WordPress / openverse

Openverse is a search engine for openly-licensed media. This monorepo includes all application code.
https://openverse.org
MIT License
240 stars 194 forks source link

Remove client application headers from API responses #4569

Closed sarayourfriend closed 2 months ago

sarayourfriend commented 3 months ago

Problem

https://github.com/WordPress/openverse/blob/2cb8b5eb11f0abb39f79697ae2b8ddc065b7e0f7/api/api/middleware/response_headers_middleware.py#L22-L24

The code linked above adds the client application name and verification status to response headers. This is useful when we scan Nginx request logs. However, it also makes responses that would not otherwise be sensitive to the authorization header suddenly sensitive.

Thumbnails, for example, can be universally cached at the edge without issue. However, when an authorization header is present, the cache (correctly) will bypass and send the request upstream. That is only correct and necessary behaviour due to our inclusion of authorization sensitive materials in responses.

Description

If we remove these headers from responses (and instead log them to our structured API logging), we can use more aggressive caching for thumbnails that does not vary on the authorization header.

krysal commented 3 months ago

@sarayourfriend To confirm my understanding of the desired solution, will transforming the response_headers_middleware middleware into a response_logging_middleware and replacing the added headers with the following logging do the job?

logger.info(
    "application_response_verification_status",
    application_id=application.id,
    application_name=application.name,
    application_verified=application.verified,
)

Or is there a better place for logging this info? I tried extending request log metadata as the django-structlog documentation suggest but I couldn't get the application's information in conf/settings/signals.py. I thought it could be the placing of the middleware in the base config list but it doesn't seem to be that.

# File: api/conf/settings/signals.py

@receiver(signals.bind_extra_request_metadata)
def bind_application_id(request, logger, **kwargs):
    if not (hasattr(request, "auth") and hasattr(request.auth, "application")):
        return

    # This code is never reached ❌
    application = request.auth.application
    structlog.contextvars.bind_contextvars(application_id=application.id)
sarayourfriend commented 3 months ago

Your overall understanding is correct :+1: I don't think we need to use the middleware, though.

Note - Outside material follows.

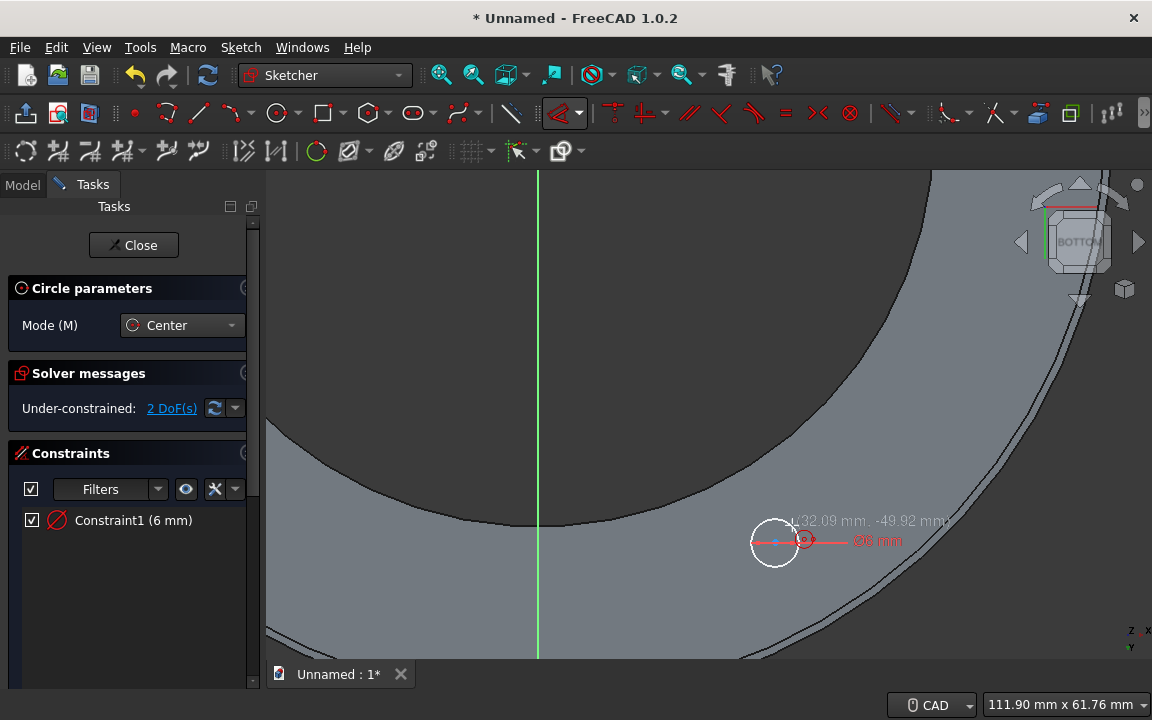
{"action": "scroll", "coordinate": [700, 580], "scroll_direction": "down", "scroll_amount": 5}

I haven't looked into the implementation of that signal, but I'm going to guess it must happen before authentication occurs, if request.auth isn't available? But it's weird that the documentation says user_id is included, which would seem to imply it happens after authentication. Maybe there's an issue with how we've ordered the middlewares?

If that approach with the signals isn't possible, then I think it would be fine to add logging somewhere around here, in the authentication class itself: https://github.com/WordPress/openverse/blob/main/api/conf/oauth2_extensions.py#L30-L32

I don't think we necessarily need to add these properties to every log line, which it looks like extending the request metadata would do. Instead, we can have a specific log event client_application_authentication (or whatever makes sense) that logs these pieces of information. Then, if we need to identify the client app for a request, we can query for that event where request_id=<the request id of the other request/event we're investigating>.